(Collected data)
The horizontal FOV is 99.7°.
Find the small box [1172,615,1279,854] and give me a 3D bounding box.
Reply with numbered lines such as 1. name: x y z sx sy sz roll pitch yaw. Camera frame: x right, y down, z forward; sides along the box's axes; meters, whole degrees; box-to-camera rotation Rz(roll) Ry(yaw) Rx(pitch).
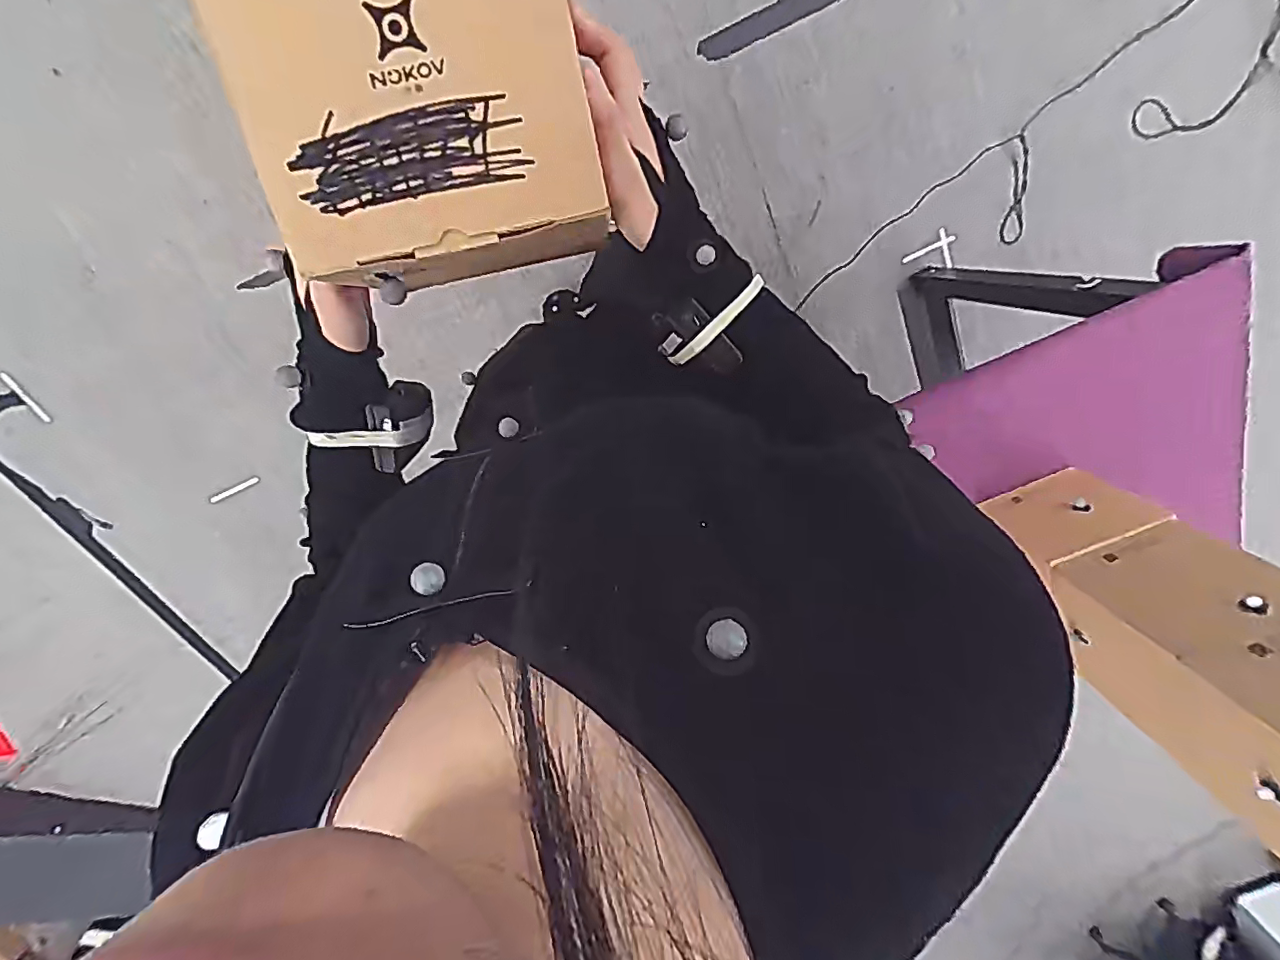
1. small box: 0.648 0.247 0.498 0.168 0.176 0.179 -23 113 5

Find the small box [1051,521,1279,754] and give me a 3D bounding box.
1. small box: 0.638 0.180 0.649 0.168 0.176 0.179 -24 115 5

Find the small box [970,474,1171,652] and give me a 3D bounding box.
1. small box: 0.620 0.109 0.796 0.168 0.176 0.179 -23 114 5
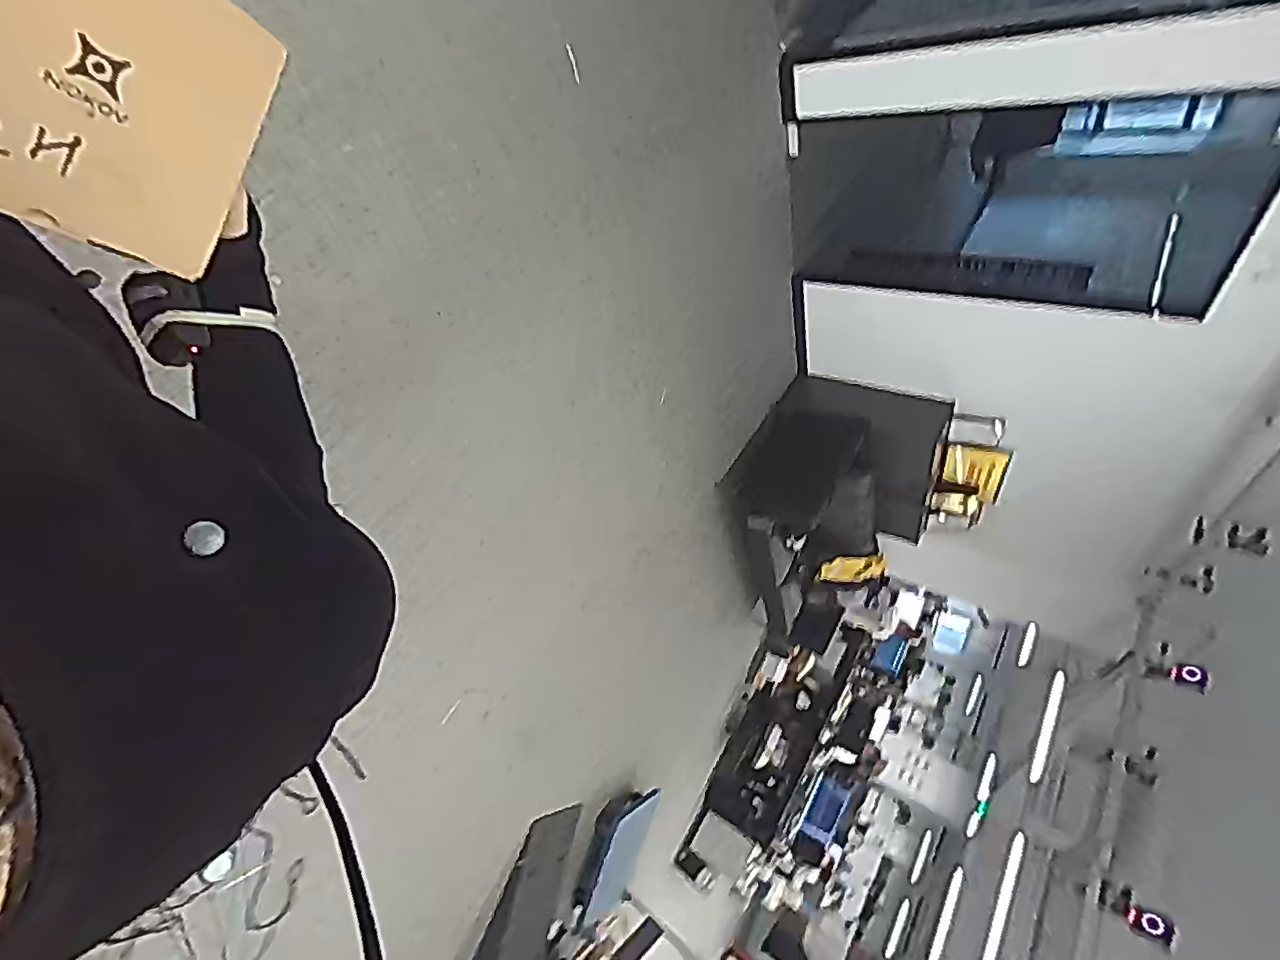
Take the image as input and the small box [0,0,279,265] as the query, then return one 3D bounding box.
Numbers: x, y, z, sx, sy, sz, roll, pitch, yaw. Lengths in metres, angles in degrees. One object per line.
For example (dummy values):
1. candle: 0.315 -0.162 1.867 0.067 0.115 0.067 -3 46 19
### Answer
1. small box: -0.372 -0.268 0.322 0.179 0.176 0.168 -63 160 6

> _What is required_
Word for word, set down the lines from the beginning of the records through the line that holds "Find the small box [1172,615,1279,854]". Leave out the rest.

> _Result of this exercise_
The horizontal FOV is 99.7°.
Find the small box [1172,615,1279,854] and give me a 3D bounding box.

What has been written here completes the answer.